1- Boceprevir (SCH 503034) - Um inibidor de protease pesquisado pela empresa Schering-Plough (a qual após a incorporação pela Merck passa a se chamar MSD) que já se encontra na fase 3 do ensaio clínico (HCV SPRINT-2), devendo ser, em minha opinião pessoal, o primeiro a ser autorizado pelo FDA, o órgão que aprova os medicamentos nos Estados Unidos, já em 2010. A fase 3 da pesquisa inclui pacientes infectados com o genótipo 1 que serão tratados com o Boceprevir combinado com interferon peguilado e ribavirina durante 28 ou 36 semanas.

O Boceprevir, nos resultados apresentados na fase 2 do ensaio clínico logrou que 75% dos pacientes infectados com o genótipo 1 tratados durante 48 semanas conseguissem a resposta sustentada, considerada a cura da hepatite C.

2 - TELAPREVIR - (VX950) - Á empresa Vertex já se encontra iniciando a fase 3 da pesquisa, denominada ADVANCE que inclui 100 instituições de diversos países. O ensaio clínico inclui 1.050 pacientes infectados com o genótipo 1 da hepatite C nunca antes tratados, os quais serão tratados durante 24 semanas com o Telaprevir combinado ao interferon peguilado e ribavirina. Dados preliminares apresentados no mês de novembro mostravam que com somente 24 semanas de tratamento, 69% dos infectados com o genótipo 1 conseguiam a cura da hepatite C. Um braço controle estará recebendo o tratamento tradicional, de 48 semanas com interferon peguilado e ribavirina, sem Telaprevir. O objetivo do estudo é fornecer dados suficientes para solicitar ao organismo que autoriza medicamentos nos Estados Unidos, o FDA, a licença de comercialização, o que poderá acontecer já em 2010.
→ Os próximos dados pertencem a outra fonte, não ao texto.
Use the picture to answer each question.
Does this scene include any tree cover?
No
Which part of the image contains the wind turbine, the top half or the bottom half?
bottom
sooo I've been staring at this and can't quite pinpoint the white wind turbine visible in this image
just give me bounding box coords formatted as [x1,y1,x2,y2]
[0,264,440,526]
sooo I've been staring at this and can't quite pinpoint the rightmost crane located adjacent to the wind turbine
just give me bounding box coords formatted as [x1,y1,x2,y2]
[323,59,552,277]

Outro estudo, de nome REALIZE, está sendo realizado com 650 pacientes não respondedores e recidivantes. Os resultados preliminares são fantásticos, uma verdadeira esperança para esses pacientes em particular. Dados prévios apresentados em novembro mostram que 39% dos não respondedores a um tratamento prévio e 76% dos recidivantes conseguem a cura com a combinação de Telaprevir, interferon peguilado e ribavirina.
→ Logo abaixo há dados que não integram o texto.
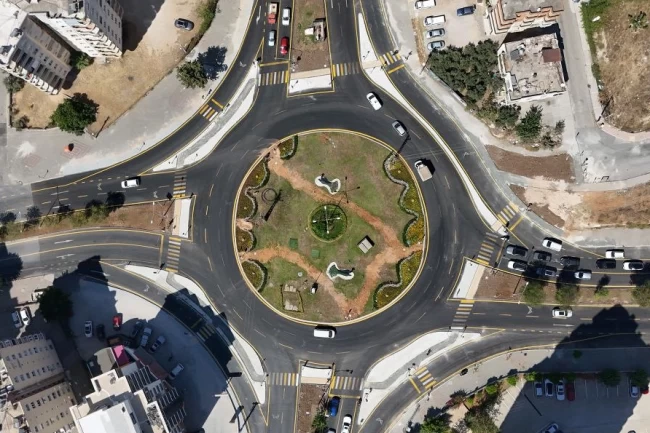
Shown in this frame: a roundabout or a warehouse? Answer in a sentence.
There is a roundabout in the scene.
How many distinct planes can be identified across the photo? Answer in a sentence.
There are no planes in this view.
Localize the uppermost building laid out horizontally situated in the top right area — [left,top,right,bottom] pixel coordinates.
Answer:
[486,0,567,37]
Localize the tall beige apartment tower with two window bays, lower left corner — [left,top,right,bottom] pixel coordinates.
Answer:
[0,336,76,433]
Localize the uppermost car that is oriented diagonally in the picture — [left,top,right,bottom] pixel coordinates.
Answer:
[367,93,381,110]
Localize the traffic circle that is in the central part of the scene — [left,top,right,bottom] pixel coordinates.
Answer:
[234,130,428,324]
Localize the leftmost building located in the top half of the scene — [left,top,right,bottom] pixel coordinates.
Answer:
[0,6,71,97]
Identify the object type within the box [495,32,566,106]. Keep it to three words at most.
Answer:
building
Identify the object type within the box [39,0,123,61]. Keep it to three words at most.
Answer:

Na minha apreciação pessoal o Telaprevir deverá ser o segundo inibidor de protease a ser aprovado pelo FDA, logo após a aprovação do Boceprevir.

3 - SCH900518 (Narlaprevir) - Em pesquisa pela empresa Schering-Plough (agora MSD), tratasse de um inibidor da protease - O estudo na fase 1 mostrou potente atividade antiviral. Neste momento se encontra em andamento a fase 2, combinado com interferon peguilado e ribavirina, se esperando para o mês de maio a publicação dos primeiros resultados. Outra pesquisa utiliza o SCH900518 (Narlaprevir) combinado com o Ritonavir (medicamento utilizado no tratamento do HIV) sendo observado que até 87% dos pacientes do estudo se encontravam indetectáveis na semana quatro do tratamento.

Na minha apreciação pessoal o Narlaprevir deverá ser o terceiro inibidor de protease a ser aprovado pelo FDA, provavelmente no inicio de 2011.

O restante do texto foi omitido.